# [What is required]
Where a line of the data below has the string "forklift", copy that line.

# [Records for this exercise]
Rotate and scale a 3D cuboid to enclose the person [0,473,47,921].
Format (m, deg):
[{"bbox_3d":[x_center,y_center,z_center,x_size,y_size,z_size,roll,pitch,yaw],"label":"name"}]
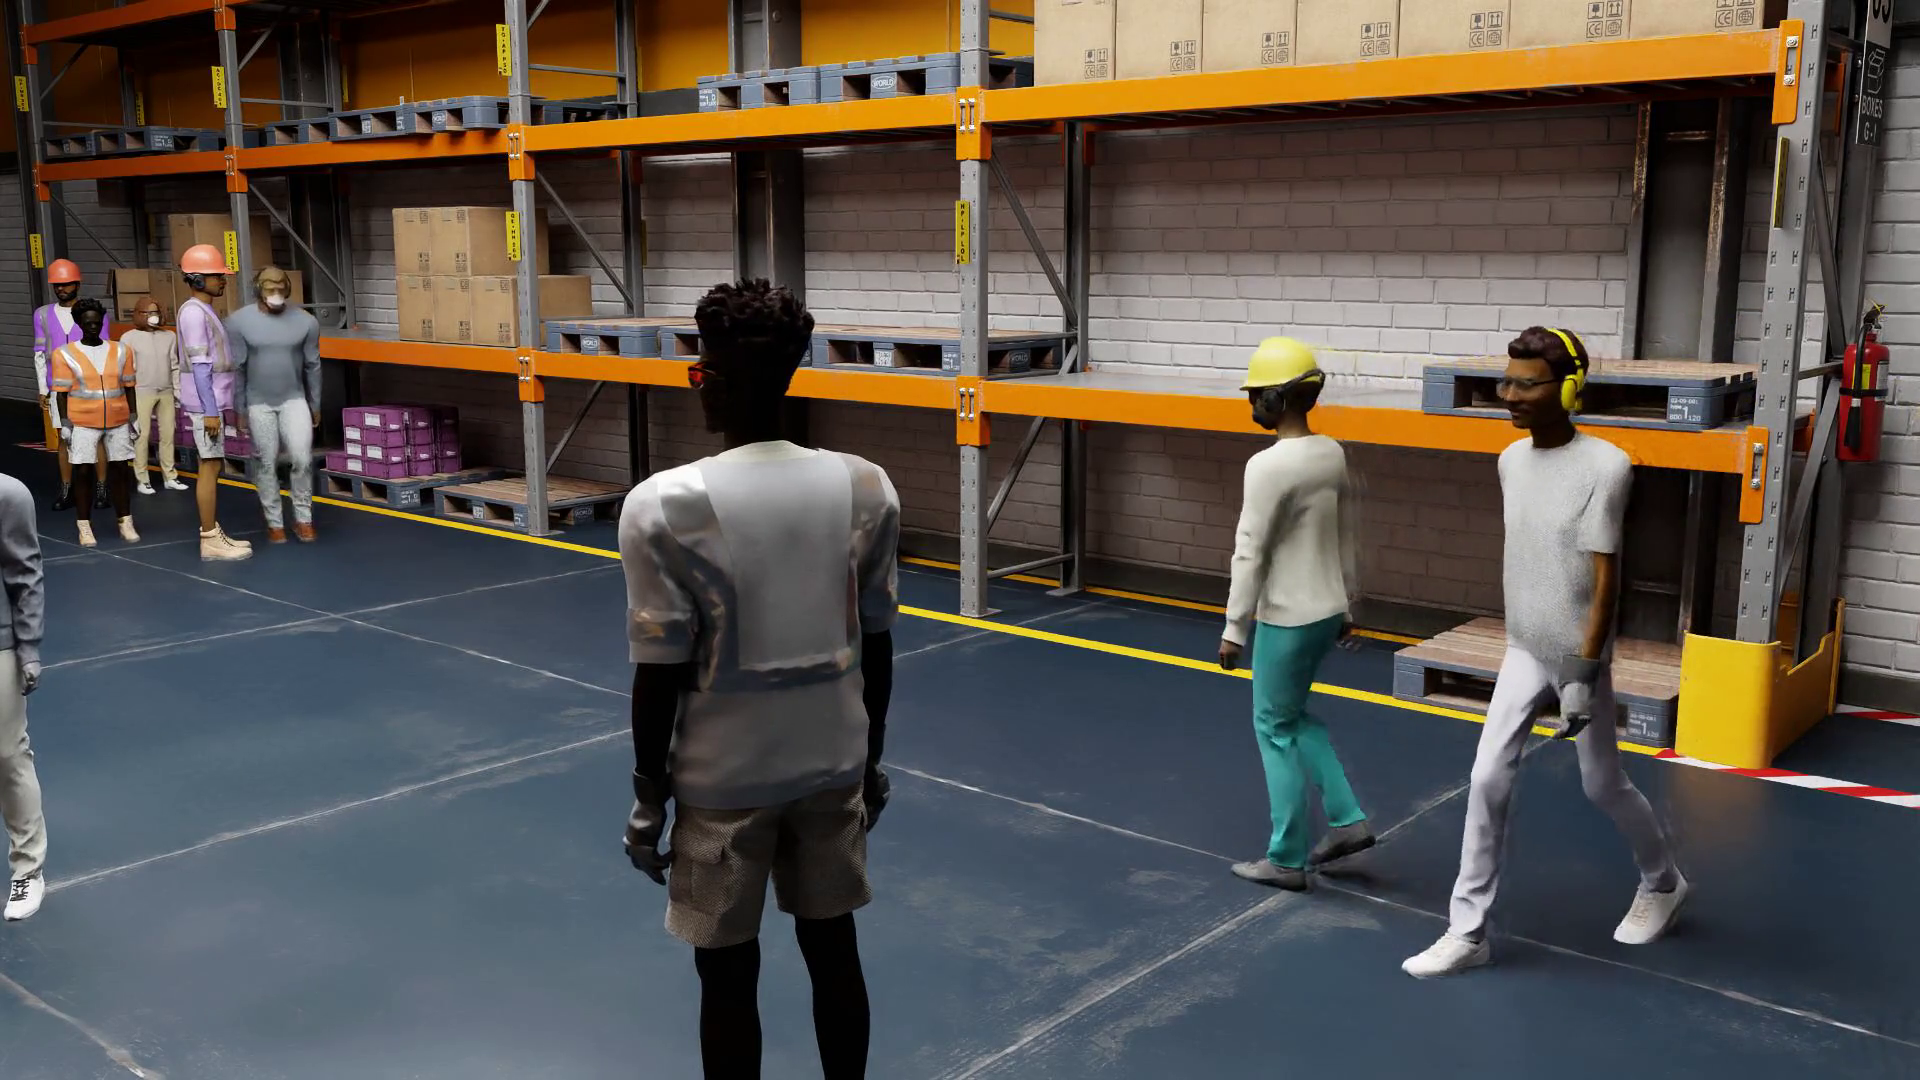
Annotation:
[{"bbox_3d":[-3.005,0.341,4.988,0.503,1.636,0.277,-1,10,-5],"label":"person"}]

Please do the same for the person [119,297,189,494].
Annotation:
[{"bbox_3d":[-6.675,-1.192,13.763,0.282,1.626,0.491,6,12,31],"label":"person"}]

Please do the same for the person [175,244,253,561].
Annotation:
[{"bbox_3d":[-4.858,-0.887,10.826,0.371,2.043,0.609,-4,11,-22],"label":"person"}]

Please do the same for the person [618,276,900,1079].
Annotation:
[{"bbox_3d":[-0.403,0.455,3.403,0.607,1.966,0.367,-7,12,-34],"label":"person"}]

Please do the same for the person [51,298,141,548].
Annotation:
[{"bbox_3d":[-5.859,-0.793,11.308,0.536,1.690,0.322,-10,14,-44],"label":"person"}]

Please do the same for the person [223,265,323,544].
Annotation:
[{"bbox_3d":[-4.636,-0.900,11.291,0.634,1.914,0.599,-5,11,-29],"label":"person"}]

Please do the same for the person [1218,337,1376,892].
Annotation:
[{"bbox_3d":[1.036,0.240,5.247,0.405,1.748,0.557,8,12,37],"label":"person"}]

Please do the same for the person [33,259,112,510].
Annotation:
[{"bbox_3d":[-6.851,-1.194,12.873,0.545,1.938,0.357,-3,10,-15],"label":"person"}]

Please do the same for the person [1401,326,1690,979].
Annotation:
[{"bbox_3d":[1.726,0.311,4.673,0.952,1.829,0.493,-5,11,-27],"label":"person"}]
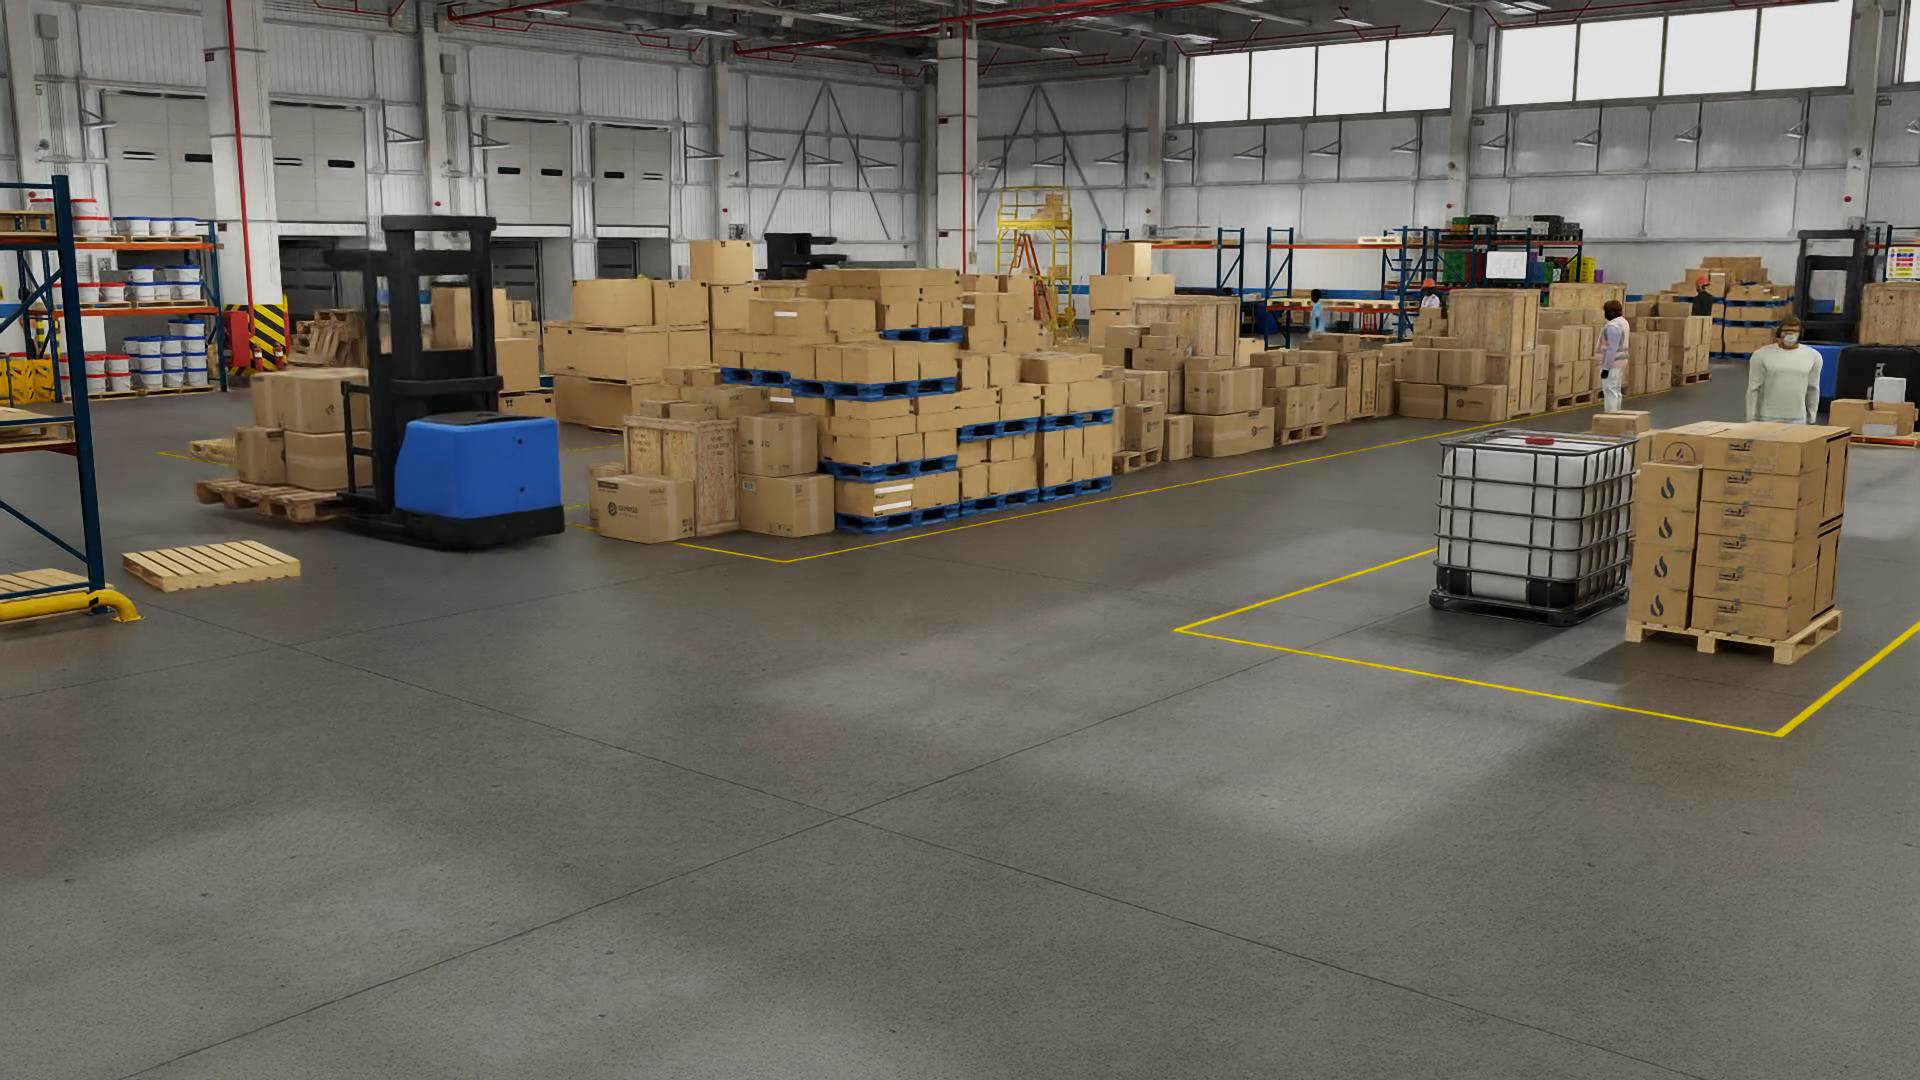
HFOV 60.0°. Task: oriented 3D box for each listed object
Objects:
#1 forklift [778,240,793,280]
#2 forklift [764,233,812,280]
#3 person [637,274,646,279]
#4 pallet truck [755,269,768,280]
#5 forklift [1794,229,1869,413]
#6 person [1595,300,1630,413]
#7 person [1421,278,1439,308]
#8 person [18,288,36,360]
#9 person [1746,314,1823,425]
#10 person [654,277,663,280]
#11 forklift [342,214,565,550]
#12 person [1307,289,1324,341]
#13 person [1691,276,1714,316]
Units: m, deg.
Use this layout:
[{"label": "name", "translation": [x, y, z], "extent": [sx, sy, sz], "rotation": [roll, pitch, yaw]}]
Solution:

# [Answer for this exercise]
#1 forklift [778,240,793,280]
#2 forklift [764,233,812,280]
#5 forklift [1794,229,1869,413]
#11 forklift [342,214,565,550]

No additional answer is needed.